Table. 2 Thresholds of mean growing-season temperature (MGST) and mean annual precipitation (MAP) used for PFAc delineation
Fig. 7
figure 7

Frequency-distribution curves of mean growing-season temperature (MGST) and mean annual precipitation (MAP) in the study area. Solid lines = forest area, dashed lines = total area. Climate data source: CHELSA V1.2 (Karger et al. 2017), period 1979–2013, spatially resampled to 30 m by linear interpolation

Plot-based tree-biomass data

Mean tree height ranged between 12 and 20 m, whereas the maximum heights of single trees reached up to 32.7 m. Stand basal area ranged from 5 to 91 m2·ha− 1, with an average of 38.8 m2·ha− 1. Mean tree ages were 100–200 years, whereby maximum tree ages reached up to 380–413 years. Living-tree biomass in larch forests on slopes ranged between 25 and 380 Mg·ha− 1. Maximum tree biomasses of 440–688 Mg·ha− 1 were found in forests on floodplains, whereas larch trees on sand dunes only formed open woodlands with less tree biomass (48 Mg·ha− 1, n = 1). In all stand-size classes of the forests of the forest-dominated area, tree-biomass means and medians were within the range 180–220 Mg·ha− 1; maximum tree biomass exceeded 320 Mg·ha− 1 (Table 1). Duncan’s multiple range test did not proof statistically significant differences between the forest categories, except for a difference of the G1 forest edge plots to the F1 and F2 interior plots (Fig. 8). Forests of the size classes F1, F2, and F3 had 50–63 Mg·ha− 1 less living-tree biomass at forest edges than in their interiors; only the forest-size class F4 showed no distinct difference in tree biomass between forest edges and interior (Table 1). Small fragmented forests G1 in the steppe-dominated area had up to 70 Mg·ha− 1 less tree biomass than those in the forest-dominated area. Logging, forest fire and sediment type did not significantly influence living-tree biomass. The large proportion of forest with logging in the categories of small fragmented forests (size classes F1 and G1) pointed to a higher exploitation pressure on these small forests compared to larger stand sizes.

Fig. 8
figure 8

Boxplots of tree biomass (Mg·ha− 1) of forests differing with respect to edge effects, influence of fire, logging and sediment type. Horizontal line = median, bars = quartiles, whiskers = range, dots = outliers. Means sharing a common letter, do not differ significantly (Duncan’s multiple range test, p ≤ 0.05)

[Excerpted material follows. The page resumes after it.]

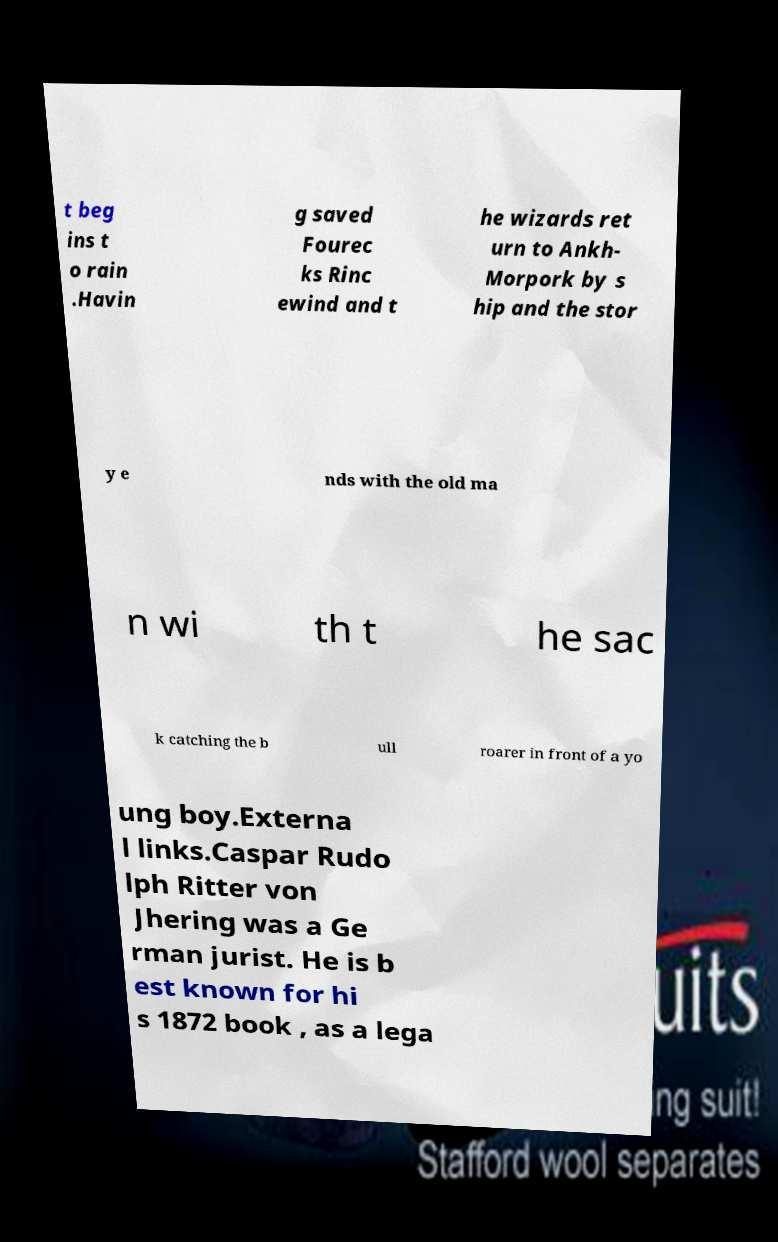Could you assist in decoding the text presented in this image and type it out clearly? t beg ins t o rain .Havin g saved Fourec ks Rinc ewind and t he wizards ret urn to Ankh- Morpork by s hip and the stor y e nds with the old ma n wi th t he sac k catching the b ull roarer in front of a yo ung boy.Externa l links.Caspar Rudo lph Ritter von Jhering was a Ge rman jurist. He is b est known for hi s 1872 book , as a lega

Remote-sensing analysis based on tree-biomass estimates

We tested several NDVI datasets and various topographic parameters for significant single or multi-correlations with measured tree biomass, as such correlations would allow for interpolating tree biomass to landscape scale. However, we found no statistically significant correlations (r > 0.5, p < 0.05). One problem for NDVI analysis was the low number of multispectral satellite images with < 10% cloud cover taken during summer. Another problem was the weak correlation between needle volume and tree biomass, as leaves and needles provide the chlorophyll signal in multispectral satellite images. Danilin and Tsogt (2014) stated that needle biomass is independent of the average age of a larch stand, whereas tree biomass increases with tree age. The absence of a significant correlation between leaf area index (LAI) and tree biomass measured on 24 plots confirmed this statement (Fig. 9). Overall, the statistical relationships between NDVI, needle volume and tree biomass were poor.

Fig. 9
figure 9

Relationships between leaf area index (LAI) and living-tree biomass (left axis, blue dots), and between LAI and NDVIm (right axis, red dots) of 24 plots. NDVIm = mean NDVI obtained from seven Sentinel 2 images (Fig. 3)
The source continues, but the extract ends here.